Played around with this and found inner1d the fastest. That function however is internal, so a more robust approach is to use
numpy.einsum("ij,ij->i", a, b)
Even better is to align your memory such that the summation happens in the first dimension, e.g.,
a = numpy.random.rand(3, n)
b = numpy.random.rand(3, n)
numpy.einsum("ij,ij->j", a, b)
For 10 ** 3 <= n <= 10 ** 6, this is the fastest method, and up to twice as fast as its untransposed equivalent. The maximum occurs when the level-2 cache is maxed out, at about 2 * 10 ** 4.
Note also that the transposed summation is much faster than its untransposed equivalent.
The plot was created with perfplot (a small project of mine)
import numpy
from numpy.core.umath_tests import inner1d
import perfplot
def setup(n):
a = numpy.random.rand(n, 3)
b = numpy.random.rand(n, 3)
aT = numpy.ascontiguousarray(a.T)
bT = numpy.ascontiguousarray(b.T)
return (a, b), (aT, bT)
b = perfplot.bench(
setup=setup,
n_range=[2 ** k for k in range(1, 25)],
kernels=[
lambda data: numpy.sum(data[0][0] * data[0][1], axis=1),
lambda data: numpy.einsum("ij, ij->i", data[0][0], data[0][1]),
lambda data: numpy.sum(data[1][0] * data[1][1], axis=0),
lambda data: numpy.einsum("ij, ij->j", data[1][0], data[1][1]),
lambda data: inner1d(data[0][0], data[0][1]),
],
labels=["sum", "einsum", "sum.T", "einsum.T", "inner1d"],
xlabel="len(a), len(b)",
)
b.save("out1.png")
b.save("out2.png", relative_to=3)
You'll do better avoiding the append, but I can't think of a way to avoid the python loop. A custom Ufunc perhaps? I don't think numpy.vectorize will help you here.
import numpy as np
a=np.array([[1,2,3],[3,4,5]])
b=np.array([[1,2,3],[1,2,3]])
result=np.empty((2,))
for i in range(2):
result[i] = np.dot(a[i],b[i]))
print result
EDIT
Based on this answer, it looks like inner1d might work if the vectors in your real-world problem are 1D.
from numpy.core.umath_tests import inner1d
inner1d(a,b) # array([14, 26])
I came across this answer and re-verified the results with Numpy 1.14.3 running in Python 3.5. For the most part the answers above hold true on my system, although I found that for very large matrices (see example below), all but one of the methods are so close to one another that the performance difference is meaningless.

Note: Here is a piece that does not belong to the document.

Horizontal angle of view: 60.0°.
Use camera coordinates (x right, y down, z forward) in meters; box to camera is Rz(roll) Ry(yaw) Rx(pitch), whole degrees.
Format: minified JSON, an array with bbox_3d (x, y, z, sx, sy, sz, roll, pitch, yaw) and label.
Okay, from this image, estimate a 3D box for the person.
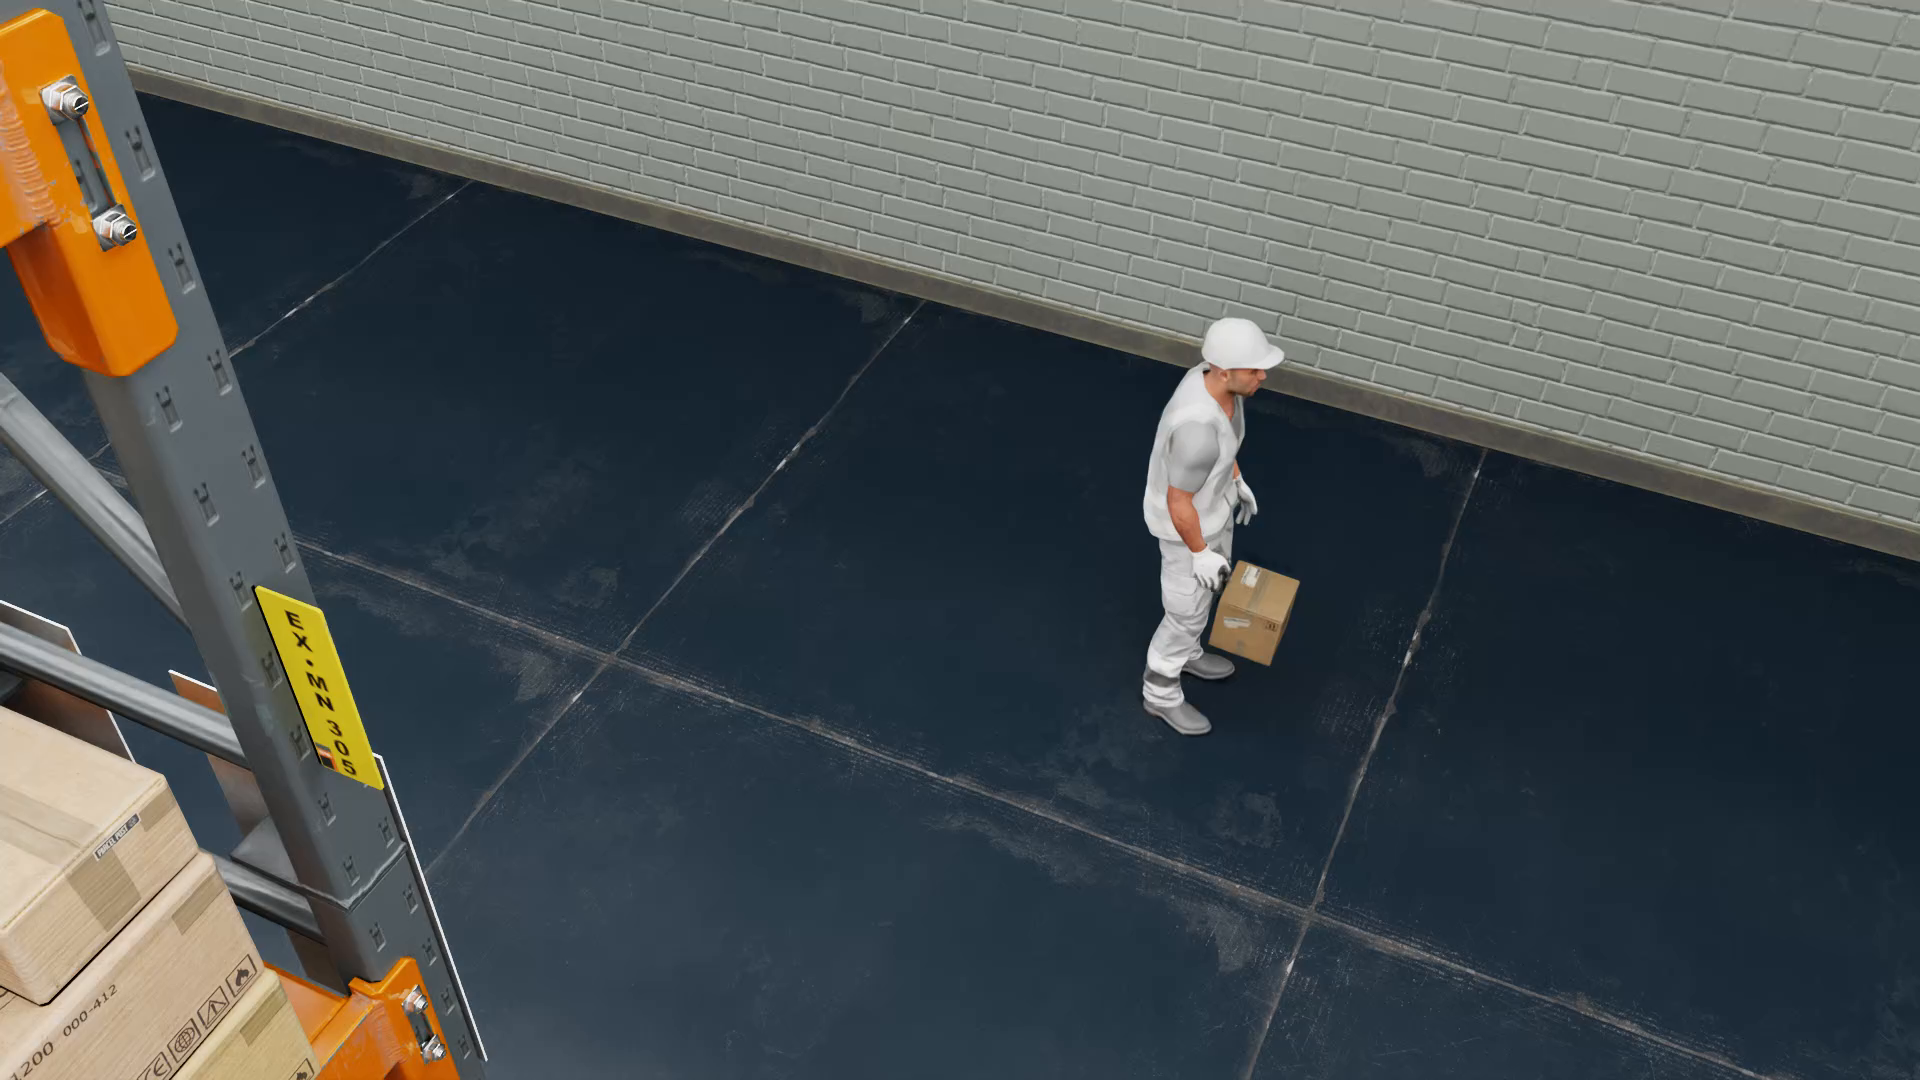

For smaller matrices, I found that einsum was the fastest by a considerable margin, up to a factor of two in some cases.
My large matrix example:
import numpy as np
from numpy.core.umath_tests import inner1d
a = np.random.randn(100, 1000000) # 800 MB each
b = np.random.randn(100, 1000000) # pretty big.
def loop_dot(a, b):
result = np.empty((a.shape[1],))
for i, (row1, row2) in enumerate(zip(a, b)):
result[i] = np.dot(row1, row2)
%timeit inner1d(a, b)
# 128 ms ± 523 µs per loop (mean ± std. dev. of 7 runs, 10 loops each)
%timeit np.einsum('ij,ij->i', a, b)
# 121 ms ± 402 µs per loop (mean ± std. dev. of 7 runs, 10 loops each)
%timeit np.sum(a*b, axis=1)
# 411 ms ± 1.99 ms per loop (mean ± std. dev. of 7 runs, 10 loops each)
%timeit loop_dot(a, b) # note the function call took negligible time
# 123 ms ± 342 µs per loop (mean ± std. dev. of 7 runs, 10 loops each)
So einsum is still the fastest on very large matrices, but by a tiny amount. It appears to be a statistically significant (tiny) amount though!